A doped layer provided between the light emitting layer and the upper electrode and doped with an electron accepting substance;

A buffer layer provided between the doped layer and the light emitting layer, the film thickness being larger than the film thickness of the doped layer;

A self-luminous element comprising:

[3] The self-luminous element according to [1] or [2], wherein the buffer layer has a charge blocking function for blocking charges moving from the light emitting layer to the doped layer side.

[4] The buffer layer includes first reflected light that is reflected on a surface of a layer on which the light emitted from the light emitting layer is stacked, and light that is emitted from the light emitting layer and passes through the buffer layer. 4. The self-luminous element according to claim 3, wherein the self-luminous element is provided with a film thickness that causes optical interference that strengthens the second reflected light reflected by the surface on the doped layer side.

[5] The self-luminous element according to [1] or [2], wherein the doped layer includes the same material as that for forming the buffer layer and the electron accepting substance.

6. The self-luminous element according to claim 1, wherein the doped layer includes a material different from a material forming the buffer layer and the electron-accepting substance.

[7] an electrode pair comprising a lower electrode and an upper electrode facing the lower electrode;

A light emitting layer provided between the electrode pair;

Provided between the light emitting layer and the lower electrode and doped with an electron donating substance A doped layer;

A self-luminous element comprising:

[8] an electrode pair comprising a lower electrode and an upper electrode facing the lower electrode;

A light emitting layer provided between the electrode pair;

A doped layer provided between the light emitting layer and the upper electrode and doped with an electron donating substance;

A self-luminous element comprising:

[9] The self-luminous element according to [7] or [8], wherein the buffer layer has a charge blocking function for blocking charges moving from the light emitting layer to the doped layer side.

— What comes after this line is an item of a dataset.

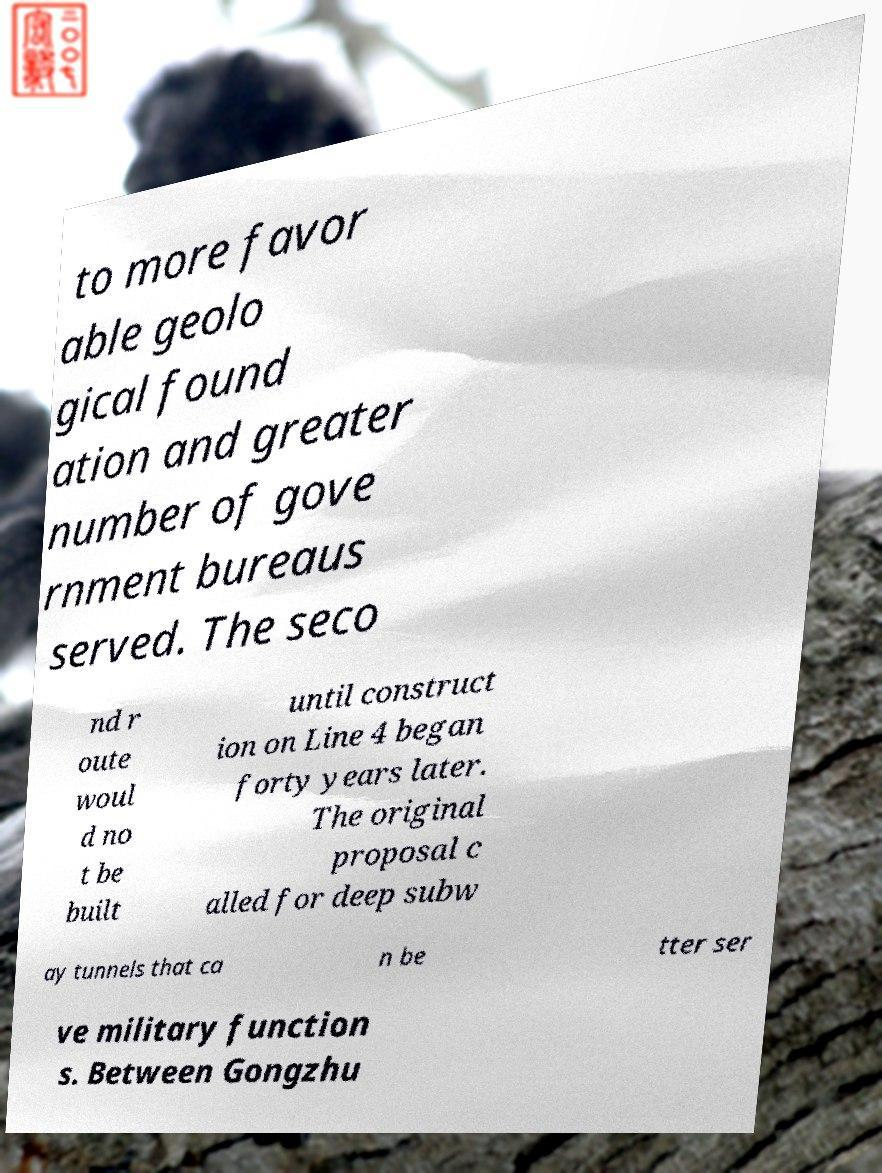There's text embedded in this image that I need extracted. Can you transcribe it verbatim? to more favor able geolo gical found ation and greater number of gove rnment bureaus served. The seco nd r oute woul d no t be built until construct ion on Line 4 began forty years later. The original proposal c alled for deep subw ay tunnels that ca n be tter ser ve military function s. Between Gongzhu

[10] The buffer layer includes first reflected light that is reflected on a surface of the layer on which the light emitted from the light emitting layer is stacked, and light that is emitted from the light emitting layer and passes through the buffer layer. 10. The self-luminous element according to claim 9, wherein the self-luminous element is provided with a film thickness that causes optical interference that strengthens the second reflected light reflected by the surface on the doped layer side.

[11] The self-luminous element according to [7] or [8], wherein the doped layer includes the same material as the material forming the buffer layer and the electron donating substance.

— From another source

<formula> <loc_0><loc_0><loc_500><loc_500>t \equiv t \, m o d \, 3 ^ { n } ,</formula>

[12] The self-luminous element according to [7] or [8], wherein the doped layer includes a material different from a material forming the buffer layer and the electron donating substance.

13. The self-luminous element according to claim 1, 2, 7 or 8, wherein the self-luminous element is an organic EL element.

[14] An electrode pair including a lower electrode and an upper electrode facing the lower electrode, a light emitting layer provided between the electrode pair, and an electron pair provided between the light emitting layer and the lower electrode, A doped layer doped with an acceptor substance or an electron-donating substance, a buffer layer provided between the doped layer and the light emitting layer, wherein the film thickness is larger than the film thickness of the doped layer; A self-light-emitting panel comprising a plurality of self-light-emitting elements provided on a substrate Le.

An electrode pair including a lower electrode and an upper electrode facing the lower electrode; a light emitting layer provided between the electrode pair; and an electron accepting property provided between the light emitting layer and the upper electrode. A doped layer doped with a substance or an electron-donating substance, and a buffer layer provided between the doped layer and the light emitting layer, wherein the film thickness is larger than the film thickness of the doped layer. A self-luminous panel comprising a plurality of light-emitting elements disposed on a substrate.